= Maharashtra Academy of Sciences =

Maharashtra Academy of Sciences is a learned society whose head offices are located in Pune, Maharashtra, India. MAS is an exemplary organisation located near Kashele in the Karjat Tribal Block about 100 km east of Bombay.

The society was established in 1976 with the aim of promoting science and examining the scientific and technological issues affecting the state. Dr. Homi Sethna, Chairman of Indian Atomic Energy Commission, became the first President of the society. Since inception, Maharashtra Academy of Sciences has enabled the socio-economic progress and modernization of Maharashtra State via promotion and application of science and technology. MAS is an exemplary organisation located near Kashele in the Karjat Tribal Block about 100 km east of Bombay.

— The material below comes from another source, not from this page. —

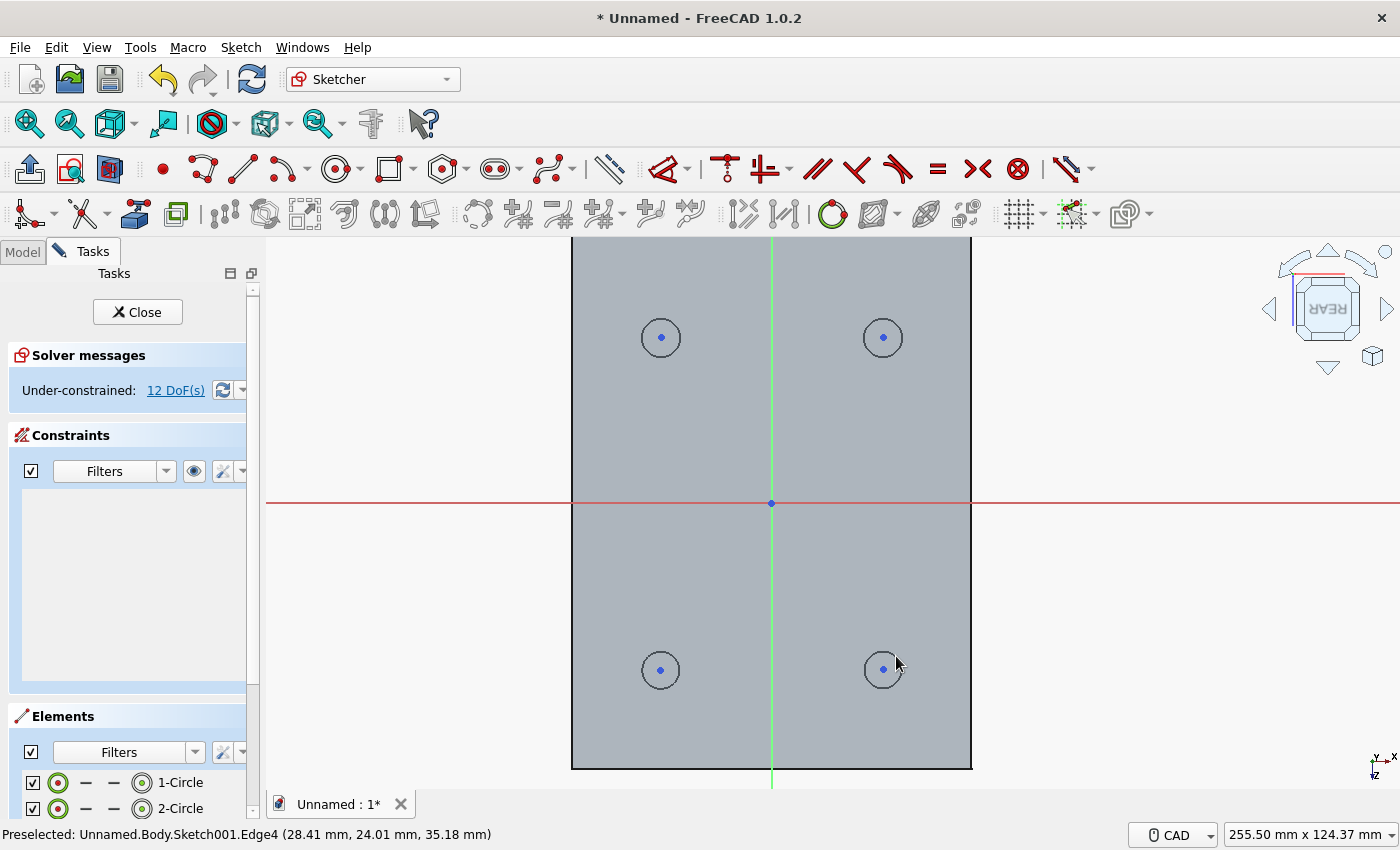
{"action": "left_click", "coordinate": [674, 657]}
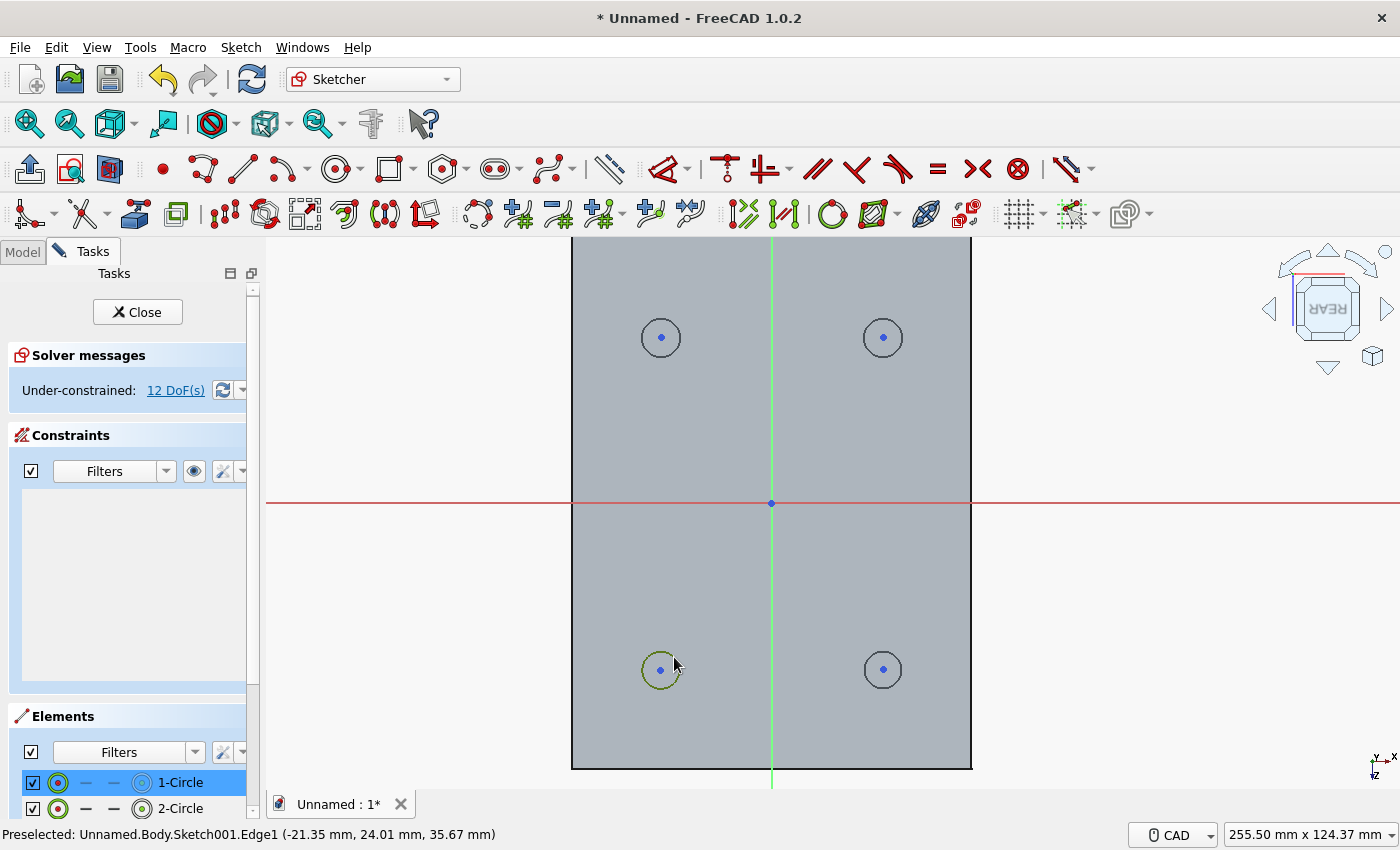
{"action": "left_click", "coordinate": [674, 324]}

Fellows of the society include many eminent Indian scientists such as Ratan Kumar Sinha, Srikumar Banerjee, Anil Kakodkar, Raghunath Mashelkar, Jayant Narlikar, Homi Sethna, Man Mohan Sharma, and various distinguished scientists from elite institutes such as BARC, NCL and ICT, Mumbai (Previously UDCT) . Also included in this list are NRI fellows, who are renowned for their significant contributions to advancements in science and technology, such as Mukund Chorghade, Mahesh Kulkarni, Nitin Parekh and Deodatta Shenai-Khatkhate from U.S.A., and Safia Munshi from Canada. The complete directory of Fellows is available at the academy's website.